Time is precious. We know that. At any moment – tick tock – the proverbial bus of metaphorical fate could come hurtling along the hypothetical highway of life squashing you into a puddle before you can get out of the way, damp and indignant.
I’m not saying time shouldn’t be squandered, sometimes a moochy, meaningless, mope is exactly what you should be doing. And loving every minute of it.
However, what time (or mine at any rate) should not be passed doing is gluing cardboard boxes together, sticking buttons onto toilet roll skeletons and then making a painty mess over the kitchen table. You can be absolutely sure there is no point in my life – including however much of it there is left – where I will wistfully gaze at adhesive and sigh, wishing I’d spent more time sticking things together.
But this is what I was to be found doing last night. Gumming, daubing, and cutting things out. I was almost certainly swearing at the same time, giving lie to the notion that I can’t multi-task. I even made a cannon (display purposes only) though the fully functioning drawbridge proved technically out of reach.
Boy Three needed a castle for the magical dragon, and he needed it in a hurry. Two weeks had passed since the homework instruction – in rhyming couplets if you please – asking the five-year-old to create an enchanted fortress out of rubbish. You will be hugely relieved that I can’t now find the homework poetry.
My kids go to wonderful schools. I admire the teachers and support everything they do when it comes to the education of my Boys. And that’s the thing – it’s the children who go to school, to get educated and tested on what they’ve learned. The teachers aren’t interested in my spelling, maths or French verbs. It would be a waste of everyone’s time if I did the boys’ homework, wouldn’t it?
It’s tempting, God knows. The hours of coaxing and nagging, patient explanations, rubbings out and pleading would have been much better spent if I simply did the sums and we all got on with what we’d rather have been doing.
So when the request arrived for the construction of a marvellous castle two weeks ago, I simply told Boy Three that his teacher Miss C wasn’t interested in my rendering of a medieval fortress out of corrugated cardboard and that he’d better get on with it. So he did.

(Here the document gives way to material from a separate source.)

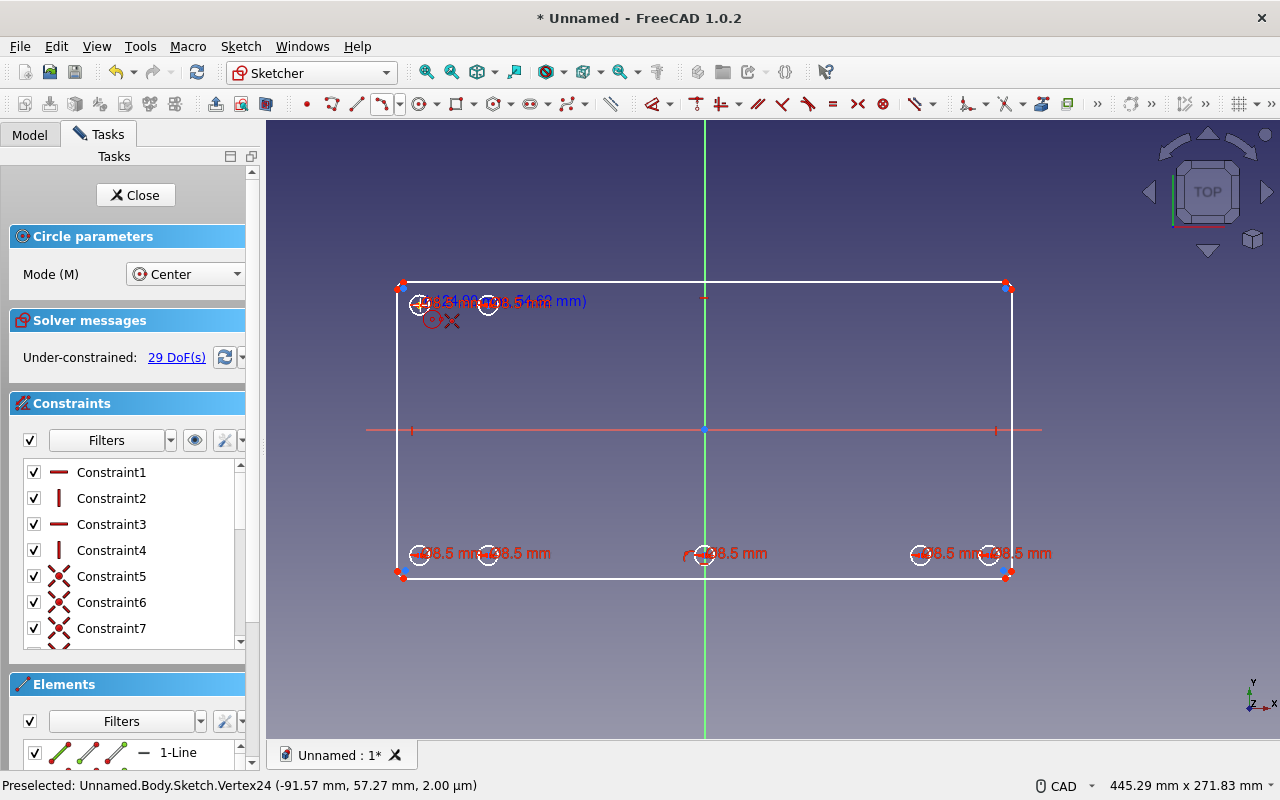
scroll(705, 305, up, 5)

In less time than it takes to eat a single jaffa cake (have you noticed how small they are these days?) he had stuck a couple of things together with parcel tape and pronounced himself done. He’d clearly taken the ‘rubbish’ part of the deal to heart. Nothing would persuade him to improve or decorate. His game remained resolutely un-upped.
And then it was Thursday. The next day I knew that there would be a class of small boys and girls fetching their parents’ handiwork to school. No doubt about it. Boy Three’s trash bin shanty town would simply not pass muster. He’d be a laughing stock and that would never do. Possibly a more resolute mother than I would send him forth convinced of the lesson he’d get in consequences of his actions (or inactions), but five-year-olds aren’t supposed to factor in the competitive nature of their peers’ parents.
So, to spare him – and us – the heartache, I ‘helped’.
“Wow, mum. Your castle’s really good. Can I have it?”
“Yes, it’s for you.”
“Really?”
“OK. Can you make a cannon?”
“No, it’s a pacifist dragon’s palace.”
“But mum…”
“OK, then. But you’ve got to help.”
“Yuk. This paint’s rubbish, it drips all over the table. Where’s the glue? Ooopsy daisy.”
“Go and sit over there, Boy Three. You can help me better from over there.”
His castle did look pretty good by the time we had finished. I was quite proud, which is, of course, not the point.
And I couldn’t help myself later: “How were the other people’s castles? Were they as good as yours?”
“Some were,” he eyed me warily. “But most weren’t.”
If there’s anything to be learned from this it’s that parents mustn’t be asked – however poetically – to do their kids’ homework (especially if it involves glue) and parents should resist at all cost. Meanwhile, Boy Three probably learned an excellent lesson about grown ups and how to handle them.